[Source material]
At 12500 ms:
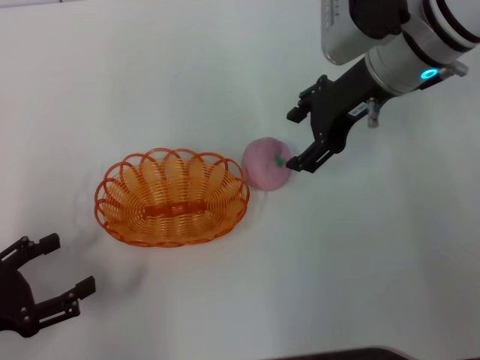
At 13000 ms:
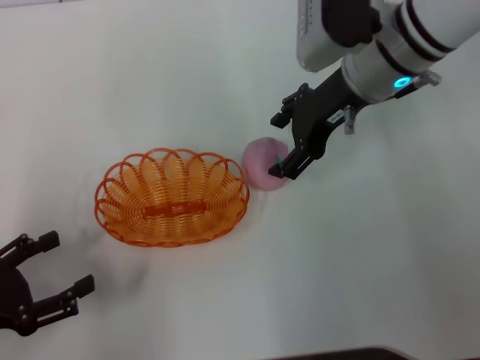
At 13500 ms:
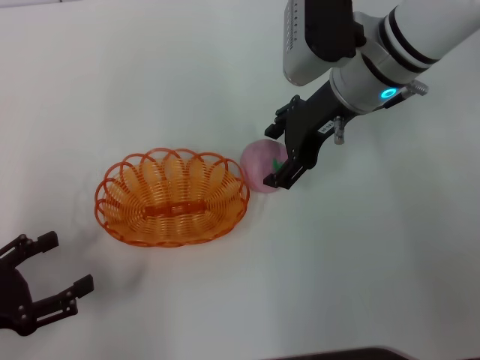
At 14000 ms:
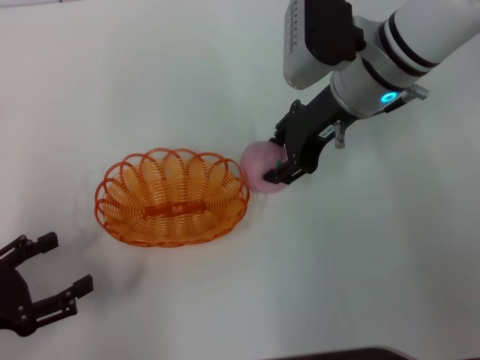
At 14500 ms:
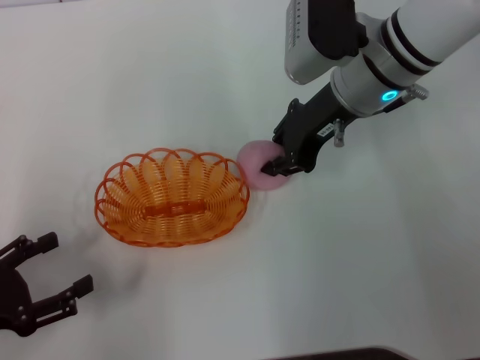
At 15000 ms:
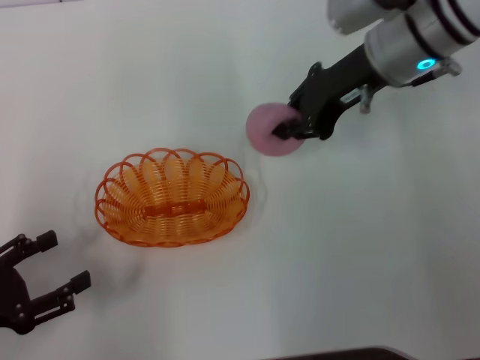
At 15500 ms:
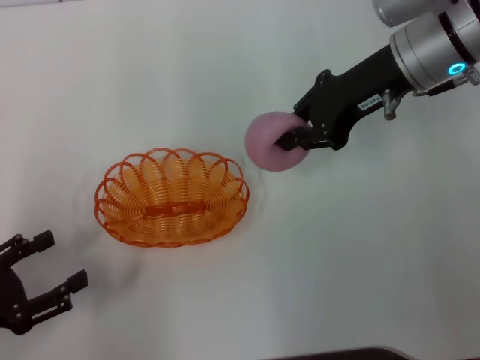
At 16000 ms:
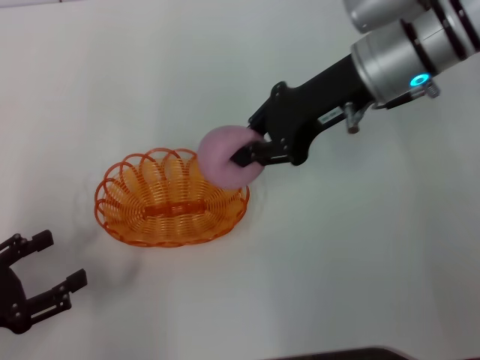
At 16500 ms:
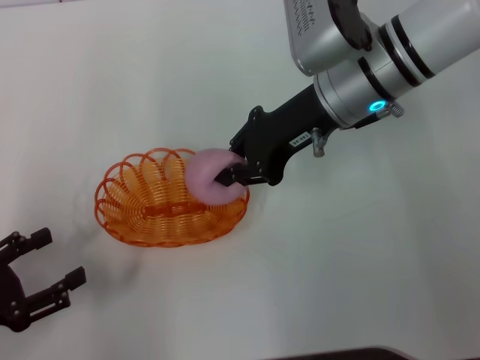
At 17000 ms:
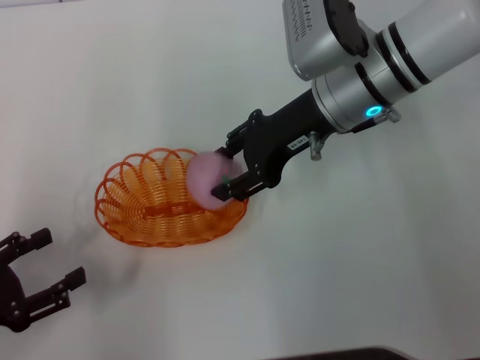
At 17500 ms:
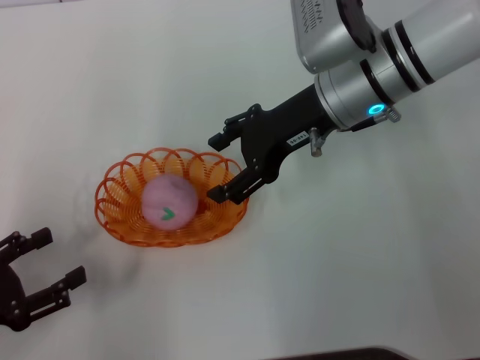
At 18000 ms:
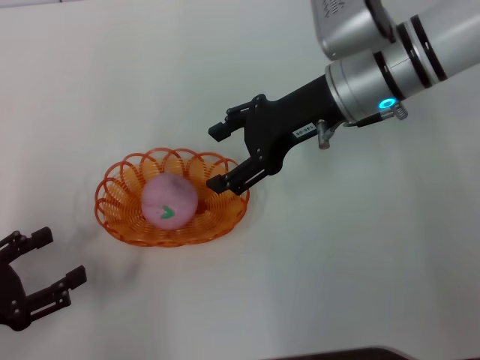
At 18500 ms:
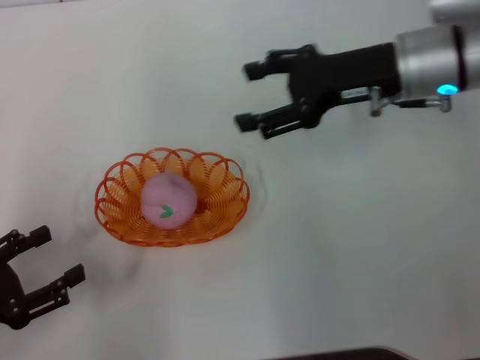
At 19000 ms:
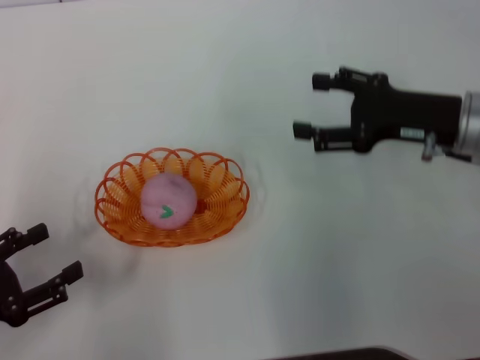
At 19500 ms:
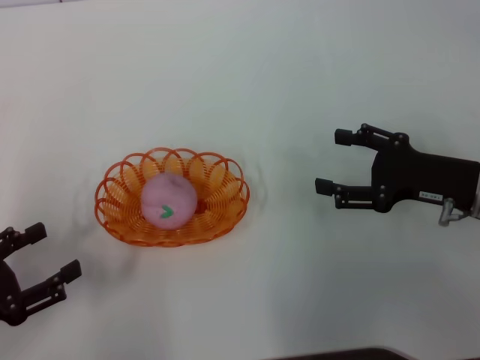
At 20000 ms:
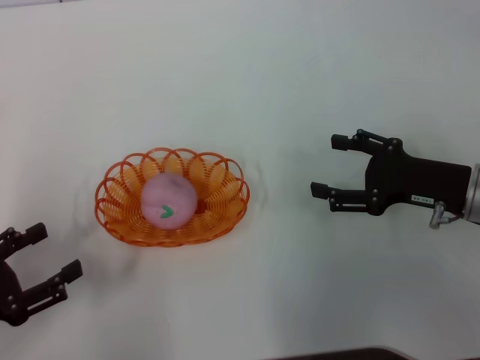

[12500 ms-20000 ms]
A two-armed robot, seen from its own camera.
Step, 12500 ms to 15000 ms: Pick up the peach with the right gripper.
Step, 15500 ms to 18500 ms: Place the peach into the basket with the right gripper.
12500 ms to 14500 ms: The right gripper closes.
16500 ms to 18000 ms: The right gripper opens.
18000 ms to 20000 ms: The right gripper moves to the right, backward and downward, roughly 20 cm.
[/Source material]
» Task objective: Repeat the records in full and exactly, leaving every picture out.

» Answer box:
At 12500 ms:
At 13000 ms:
At 13500 ms:
At 14000 ms:
At 14500 ms:
At 15000 ms:
At 15500 ms:
At 16000 ms:
At 16500 ms:
At 17000 ms:
At 17500 ms:
At 18000 ms:
At 18500 ms:
At 19000 ms:
At 19500 ms:
At 20000 ms:

[12500 ms-20000 ms]
A two-armed robot, seen from its own camera.
Step, 12500 ms to 15000 ms: Pick up the peach with the right gripper.
Step, 15500 ms to 18500 ms: Place the peach into the basket with the right gripper.
12500 ms to 14500 ms: The right gripper closes.
16500 ms to 18000 ms: The right gripper opens.
18000 ms to 20000 ms: The right gripper moves to the right, backward and downward, roughly 20 cm.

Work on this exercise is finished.